Me, I’m into two terrific audible books. Sutton Foster’s Hooked, about the Broadway star’s relationship with her personality disordered mother. And Hello, Molly, the SNL star Molly Shannon’s story, anchored by her own conflicted relationship with her alcoholic, charismatic father. Shannon grew up a few blocks from where I was growing up at the same time, me on Norwood Road, she on Winchell Road, in Shaker Heights. Her story of stowing away with her friend at age 13 on a New York-bound flight, and getting away with it? Worth the price of admission.

And from Ann:

I listened to Rachel Kushner read a fantastic Edna O’Brien story, “Come Into the Drawing Room, Doris” 

And more recommended viewing from Ann:

Annabelle and I gobbled up all of The Staircase, with Colin Firth as the creepy Michael Petersen and Toni Collette as the wife he very likely murdered.

And from both of us on more streaming recs: Peaky Fucking Blinders! Final season. (But not the end of the Blinders.)

Links we’ve loved…

David Sedaris is still going strong with his latest book of essays. Here’s how he eats.

This is a fascinating review of a book that asks what rocks can teach us.
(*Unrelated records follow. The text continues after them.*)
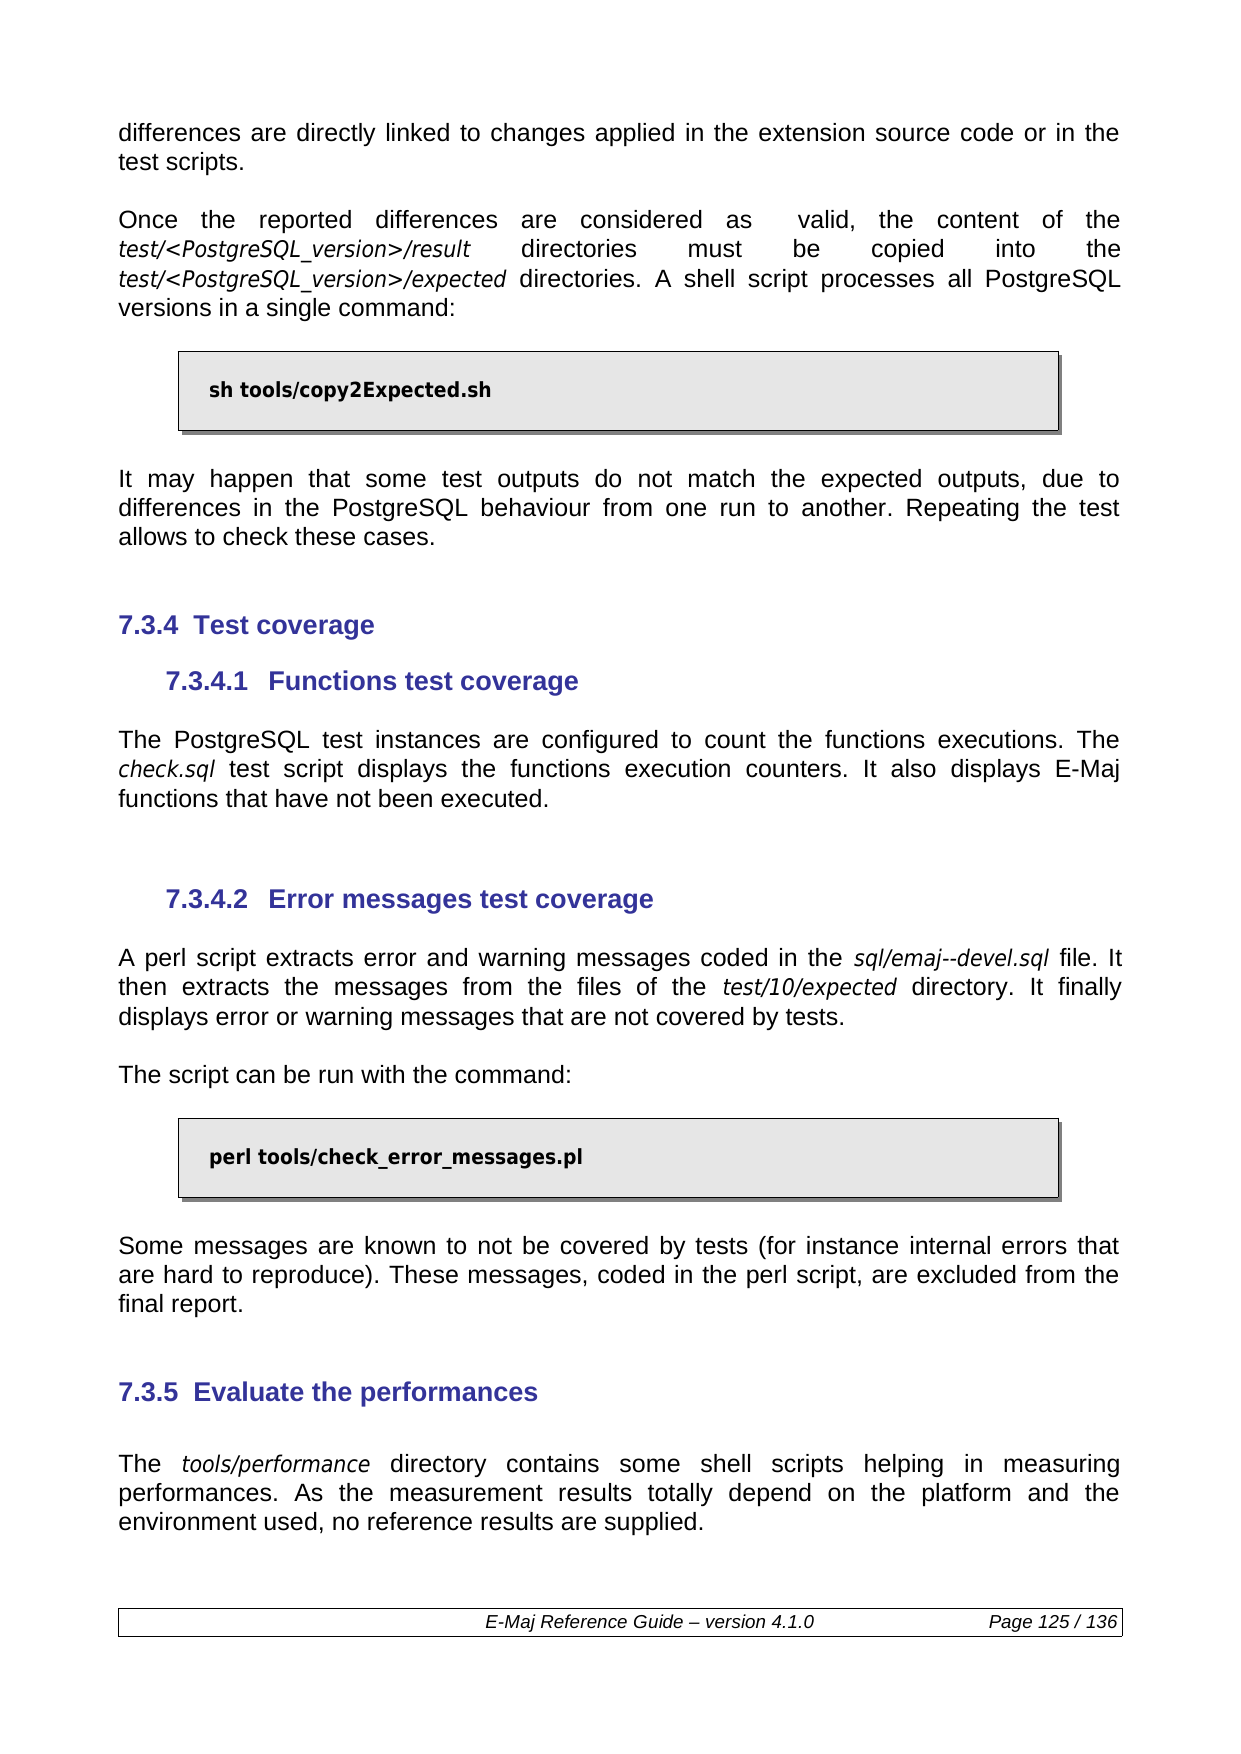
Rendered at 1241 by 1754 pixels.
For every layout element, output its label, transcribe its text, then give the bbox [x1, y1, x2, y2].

text It may happen that some test outputs do not match the expected outputs, due to differences in the PostgreSQL behaviour from one run to another. Repeating the test allows to check these cases. [118, 464, 1122, 551]
text A perl script extracts error and warning messages coded in the sql/emaj--devel.sql file. It then extracts the messages from the files of the test/10/expected directory. It finally displays error or warning messages that are not covered by tests. [118, 943, 1122, 1030]
text The tools/performance directory contains some shell scripts helping in measuring performances. As the measurement results totally depend on the platform and the environment used, no reference results are supplied. [118, 1449, 1122, 1536]
text Some messages are known to not be covered by tests (for instance internal errors that are hard to reproduce). These messages, coded in the perl script, are excluded from the final report. [118, 1231, 1122, 1318]
subtitle Functions test coverage [165, 665, 1122, 696]
subtitle Evaluate the performances [118, 1376, 1122, 1407]
text The PostgreSQL test instances are configured to count the functions executions. The check.sql test script displays the functions execution counters. It also displays E-Maj functions that have not been executed. [118, 725, 1122, 812]
text sh tools/copy2Expected.sh [179, 375, 1058, 399]
subtitle Error messages test coverage [165, 883, 1122, 914]
text Once the reported differences are considered as valid, the content of the test/<PostgreSQL_version>/result directories must be copied into the test/<PostgreSQL_version>/expected directories. A shell script processes all PostgreSQL versions in a single command: [118, 205, 1122, 322]
text perl tools/check_error_messages.pl [179, 1142, 1058, 1167]
text The script can be run with the command: [118, 1059, 1122, 1088]
subtitle Test coverage [118, 609, 1122, 640]
text differences are directly linked to changes applied in the extension source code or in the test scripts. [118, 118, 1122, 176]
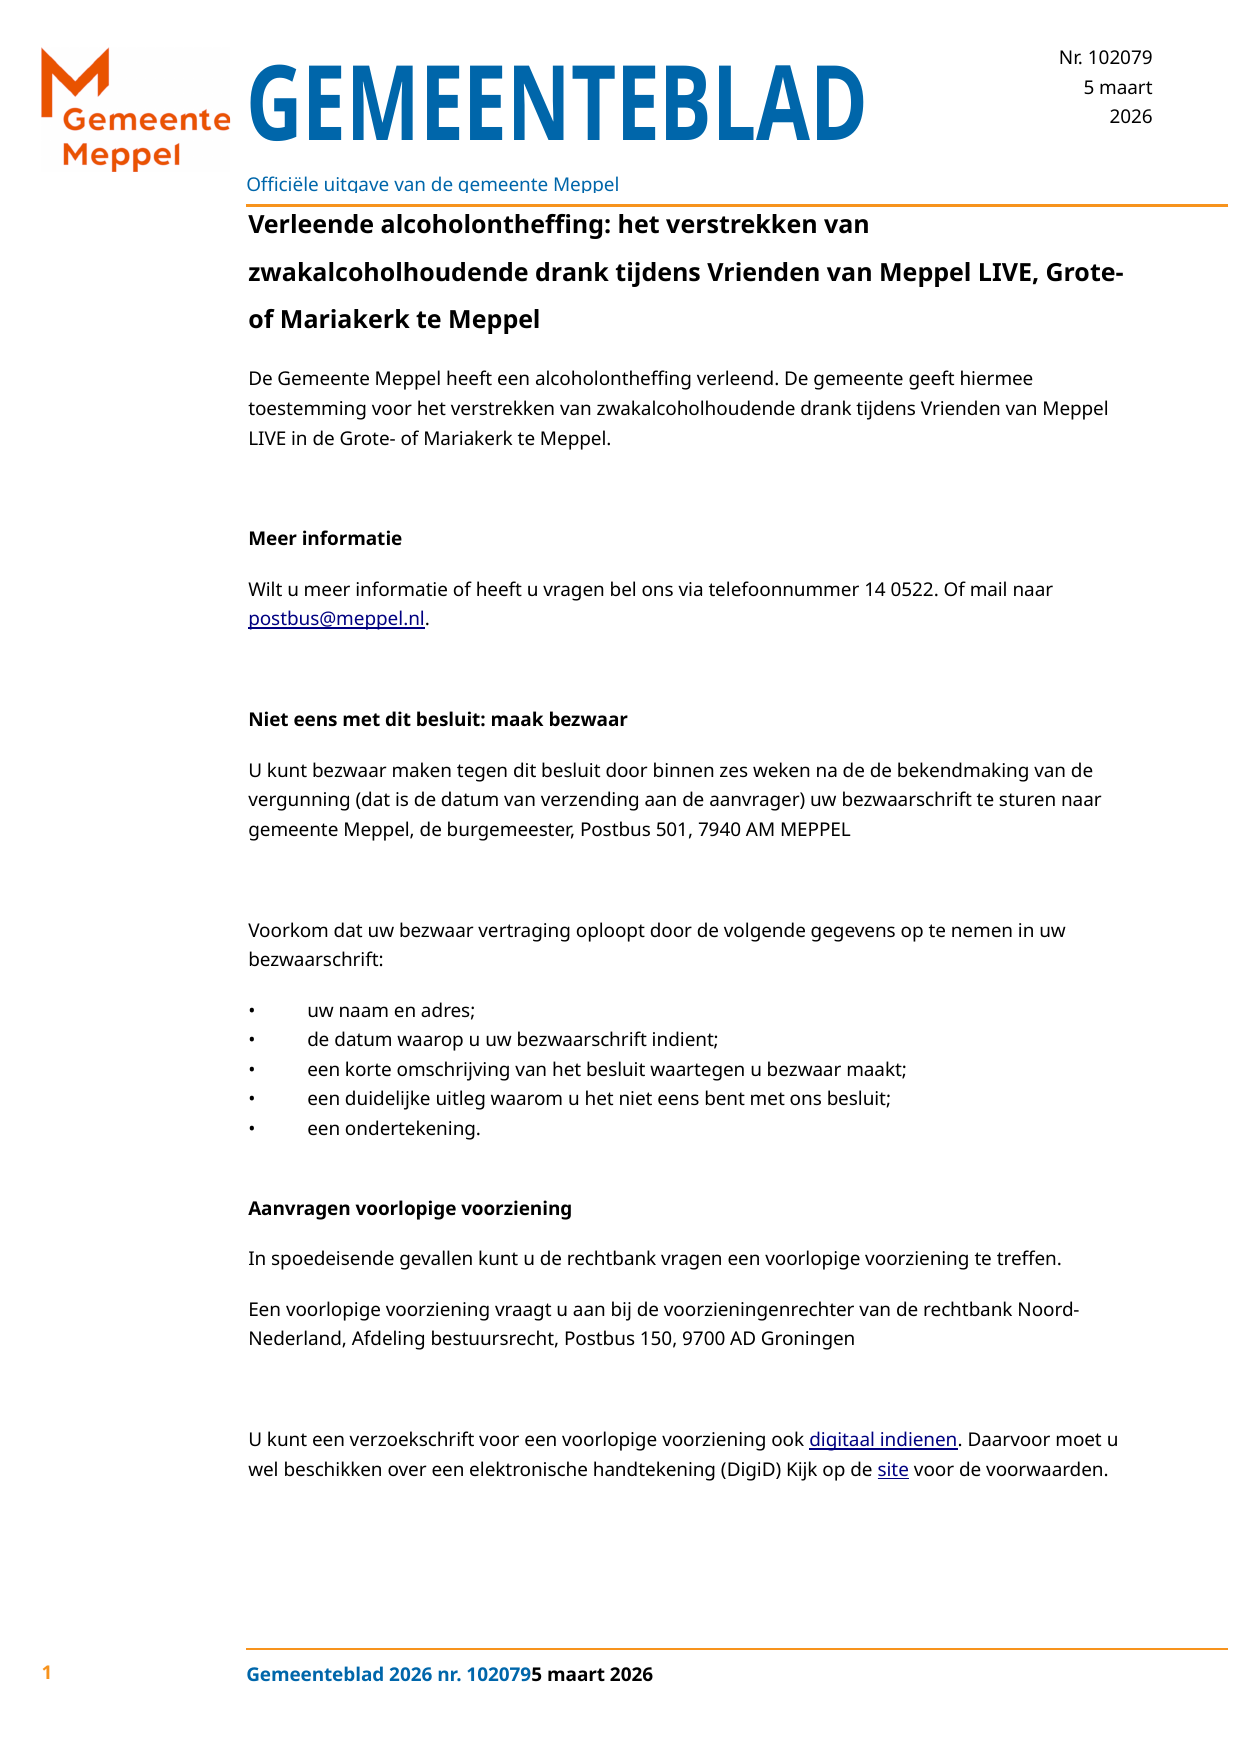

Thanks, Stephen Metcalf and Slate Culture Gabfest.

Are you a cat person? I am. We always had cats growing up, and I now live with two perfectly eccentric cats, Gertrude and Hermia. I loved this story about the cats of Iceland, these “elegant assassins.”

Do you know the writer Mary Norris, native Clevelander, long time “comma queen” of The New Yorker, and author of the memoir Between You and Me (excellent, btw), writes about how to use a hyphen (and why the New Yorker hyphenates teen-ager).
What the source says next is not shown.